Medivir AB
- Type: Public limited company
- Traded as: Nasdaq Stockholm: MVIR B
- Industry: Biotechnology
- Founded: 1988; 38 years ago
- Headquarters: Huddinge, Sweden
- Area served: Global
- Key people: Jens Lindberg (CEO)
- Products: Oncological R&D
- Revenue: 658 MM SEK (2015)
- Number of employees: 15
- Website: www.medivir.com

= Medivir =

Swedish biotechnology company

Medivir is a Swedish biotech company. Medivir focuses its research focus on oncology and particularly on innovative pharmaceuticals that meet substantial unmet medical needs. The pharmaceutical development work is conducted both in-house and through partnerships, usually with global pharmaceutical companies.
Medivir has a leading expertise in the design of protease inhibitors and in the science of nucleotides and nucleosides.
Medivir is listed on the Nasdaq Stockholm Mid Cap List.

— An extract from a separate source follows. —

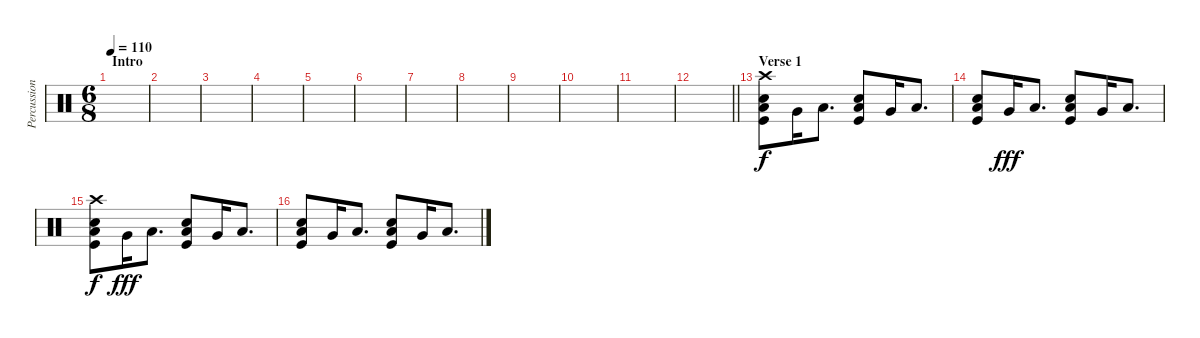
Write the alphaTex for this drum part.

In February 2020, Medivir announced that the company has signed a licensing agreement for Xerclear with Chinese company Shijiazhuang Yuanmai Biotechnology Co Ltd (SYB). The agreement gives SYB the right to register, manufacture and market the product in China.

==Oncology==

In 2016 Medivir announced that it would focus its research on cancers of high unmet medical need, where existing therapies are not very successful and there is a great opportunity to provide real benefit to patients who have few treatment options. Some cancer types of particular interest to Medivir include hepatocellular carcinoma (HCC), glioblastoma multiforme (GBM) and pancreatic cancer, which are all highly aggressive diseases with poor treatment options and very low overall survival rates on the best current treatments today. HCC is a liver cancer derived from hepatocyte cells. HCC is one of the most common cancers worldwide and late stage HCC has a mean overall survival of only 9–11 months on the best available treatment today. Medivir motivated the transition from its origin in retroviral drugs to oncology by it being a logical extension of their expertise in liver disease from earlier work on hepatitis C to this area.

==Notable ongoing projects==
- Remetinostat, HDAC inhibitor for Cutaneous T cell lymphoma.
- Birinapant, SMAC mimetic for solid tumours.
- Miv-711 Cathepsin K inhibitor for osteoarthritis.